Whatever the truth about the documents is, the fact that there is also a brook with the name Vollmersbach (Bach is German for “brook”) implies that the village must have lain either near or right on this brook. In ascertaining where the oldest part of the village lay, two local cadastral names are important: “In der Hubstatt” and “Am Hofgarten” (the latter literally means “at the estate garden”, while the first syllable of the former is a corruption of Hof – estate – with the full name meaning “in the estate place”). A further estate area seems to have sprung up in the 14th century, early in the time when Vollmersbach belonged to the lordship of Oberstein, in the upper part of the village.

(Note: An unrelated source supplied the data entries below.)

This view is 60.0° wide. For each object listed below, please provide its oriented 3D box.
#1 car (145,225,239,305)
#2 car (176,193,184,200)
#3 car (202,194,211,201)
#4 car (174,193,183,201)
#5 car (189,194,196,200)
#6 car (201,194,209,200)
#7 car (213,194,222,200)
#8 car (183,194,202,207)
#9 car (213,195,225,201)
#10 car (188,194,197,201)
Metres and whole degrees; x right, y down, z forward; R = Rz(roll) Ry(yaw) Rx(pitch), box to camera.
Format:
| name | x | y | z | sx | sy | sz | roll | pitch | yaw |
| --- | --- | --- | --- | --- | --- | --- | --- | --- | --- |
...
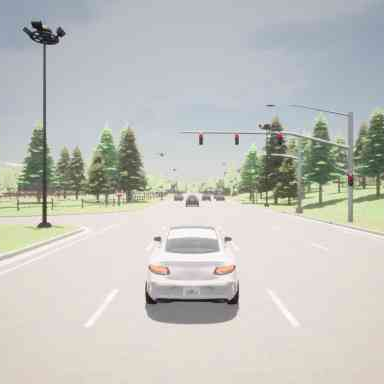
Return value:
| name | x | y | z | sx | sy | sz | roll | pitch | yaw |
| --- | --- | --- | --- | --- | --- | --- | --- | --- | --- |
| car | 0.015 | 1.526 | 7.987 | 1.812 | 1.442 | 4.674 | 0 | 0 | 0 |
| car | -3.401 | 1.188 | 92.897 | 2.097 | 1.767 | 4.553 | 0 | 0 | 0 |
| car | 3.588 | 1.348 | 82.886 | 2.097 | 1.767 | 4.553 | 0 | 0 | 0 |
| car | -3.412 | 1.544 | 82.890 | 1.994 | 1.385 | 4.181 | 0 | 0 | 0 |
| car | 0.099 | 1.332 | 92.923 | 1.837 | 1.490 | 4.892 | 0 | 0 | 0 |
| car | 3.599 | 1.372 | 92.919 | 2.033 | 1.411 | 5.357 | 0 | 0 | 0 |
| car | 7.099 | 1.385 | 92.916 | 1.994 | 1.385 | 4.181 | 0 | 0 | 0 |
| car | 0.055 | 1.352 | 51.860 | 2.097 | 1.767 | 4.553 | 0 | 0 | 0 |
| car | 7.088 | 1.517 | 82.496 | 2.128 | 1.511 | 4.902 | 0 | 0 | 0 |
| car | 0.088 | 1.348 | 82.890 | 2.097 | 1.767 | 4.553 | 0 | 0 | 0 |

It is to this place that the cadastral name “Am Hofgarten”, used until 1822, refers.

Thereafter, the estate or the manor house would have stood on the plot nowadays known as the Dörn’sches Grundstück, which is where the ancestral seat of the now widespread family Dreher stood until a few years ago, as likewise did the tithe barn, which was Vollmersbach's oldest building.

It was from this site that reconstruction began after the widespread destruction wrought by the Thirty Years' War. The old upper village formed Vollmersbach's core until the early 19th century. Here were found an old public well, the first watermain, a winepress, and, built in 1856, the “springing well”.

Along with Oberstein, which had hitherto been under Prussian administration, Vollmersbach passed on 9 April 1817 to the newly formed Principality of Birkenfeld, an exclave of the Grand Duchy of Oldenburg, most of whose territory was in what is now northwest Germany, with a coastline on the North Sea. Vollmersbach, which had always belonged politically to Oberstein, passed upon the formation of the Stadtbürgermeisterei (“town mayoralty”) of Oberstein in 1902 to the Bürgermeisterei (“Mayoralty”) of Idar-Land. This mayoralty was abolished with effect from 9 October 1933 by the Nazis, and on the same day, Vollmersbach was grouped into the Bürgermeisterei of Herrstein.

The Second World War came home to Vollmersbach on the night of 9–10 August 1943 when an RAF Handley Page Halifax piloted by Jim Pestridge crashed in a meadow in the municipality. It had been shot down during an attack on Mannheim by German night fighter pilot Oberleutnant Johannes Engels over Idar-Oberstein. Three of the four crewmen died in the wreck, but Pestridge managed to save himself by bailing out. He came down near Nahbollenbach (now an outlying centre of Idar-Oberstein) and was later captured at Birkenfeld railway station.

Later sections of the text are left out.